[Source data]

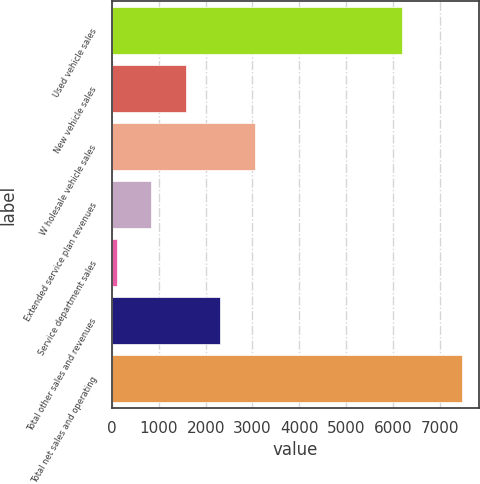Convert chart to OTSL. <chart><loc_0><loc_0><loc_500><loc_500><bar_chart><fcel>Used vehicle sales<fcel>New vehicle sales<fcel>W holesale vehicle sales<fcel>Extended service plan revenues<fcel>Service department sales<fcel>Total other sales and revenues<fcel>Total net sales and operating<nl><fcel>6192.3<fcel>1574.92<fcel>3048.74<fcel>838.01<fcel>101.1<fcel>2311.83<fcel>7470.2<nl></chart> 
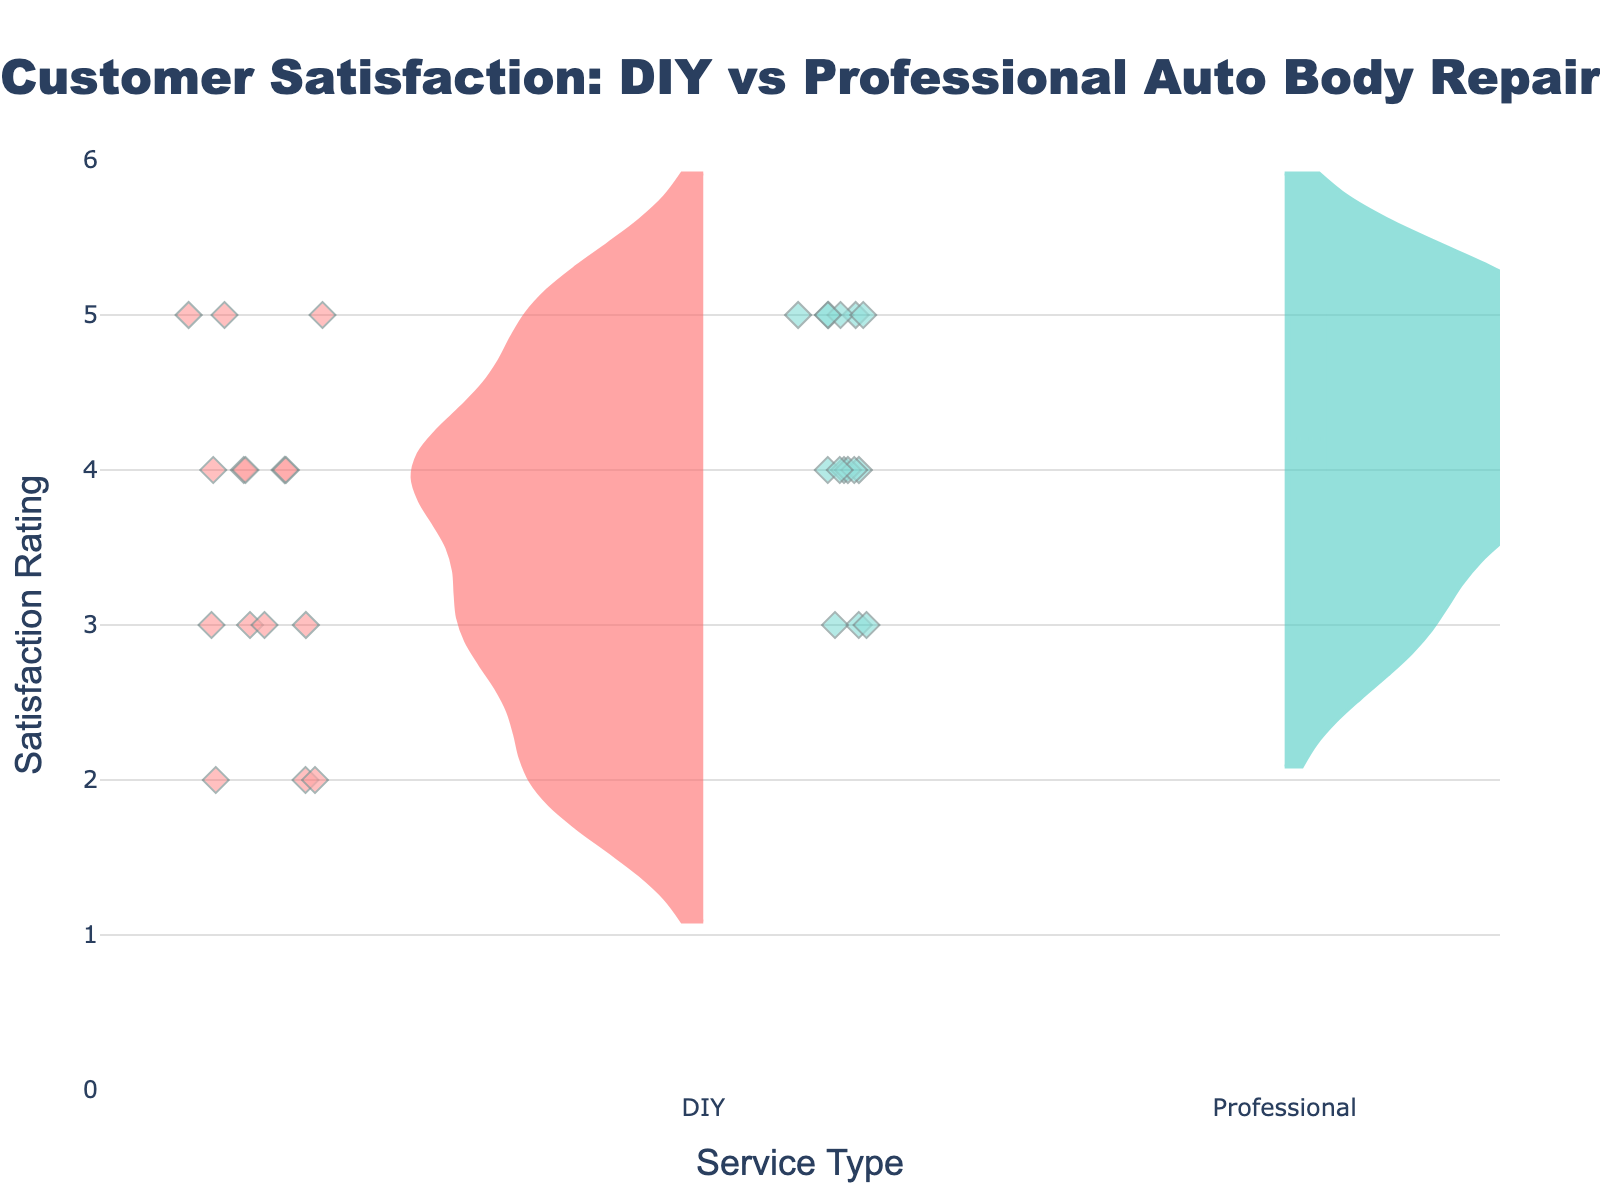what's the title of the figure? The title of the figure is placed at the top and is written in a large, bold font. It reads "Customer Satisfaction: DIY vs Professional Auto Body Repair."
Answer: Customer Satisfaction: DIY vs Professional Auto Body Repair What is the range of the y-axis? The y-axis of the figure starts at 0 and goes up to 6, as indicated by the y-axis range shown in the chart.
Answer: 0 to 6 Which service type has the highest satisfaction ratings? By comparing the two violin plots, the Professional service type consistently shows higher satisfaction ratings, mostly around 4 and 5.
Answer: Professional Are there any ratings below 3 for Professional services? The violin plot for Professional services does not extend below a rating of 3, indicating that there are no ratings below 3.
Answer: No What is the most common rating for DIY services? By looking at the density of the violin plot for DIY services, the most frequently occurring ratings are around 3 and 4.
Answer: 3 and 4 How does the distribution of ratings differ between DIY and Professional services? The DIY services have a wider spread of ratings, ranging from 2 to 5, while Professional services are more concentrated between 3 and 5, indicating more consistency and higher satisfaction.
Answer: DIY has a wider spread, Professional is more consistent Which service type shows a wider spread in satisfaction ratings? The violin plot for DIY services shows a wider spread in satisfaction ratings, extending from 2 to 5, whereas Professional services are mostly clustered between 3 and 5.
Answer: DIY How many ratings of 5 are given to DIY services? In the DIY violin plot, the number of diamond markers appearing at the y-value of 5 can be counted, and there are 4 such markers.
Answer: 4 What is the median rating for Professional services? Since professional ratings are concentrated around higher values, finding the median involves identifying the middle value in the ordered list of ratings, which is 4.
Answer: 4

### WHAT NEEDS TO BE DONE
Answer with a single number: how many lines above hold the word "spread"?

### FINISHED TASK
2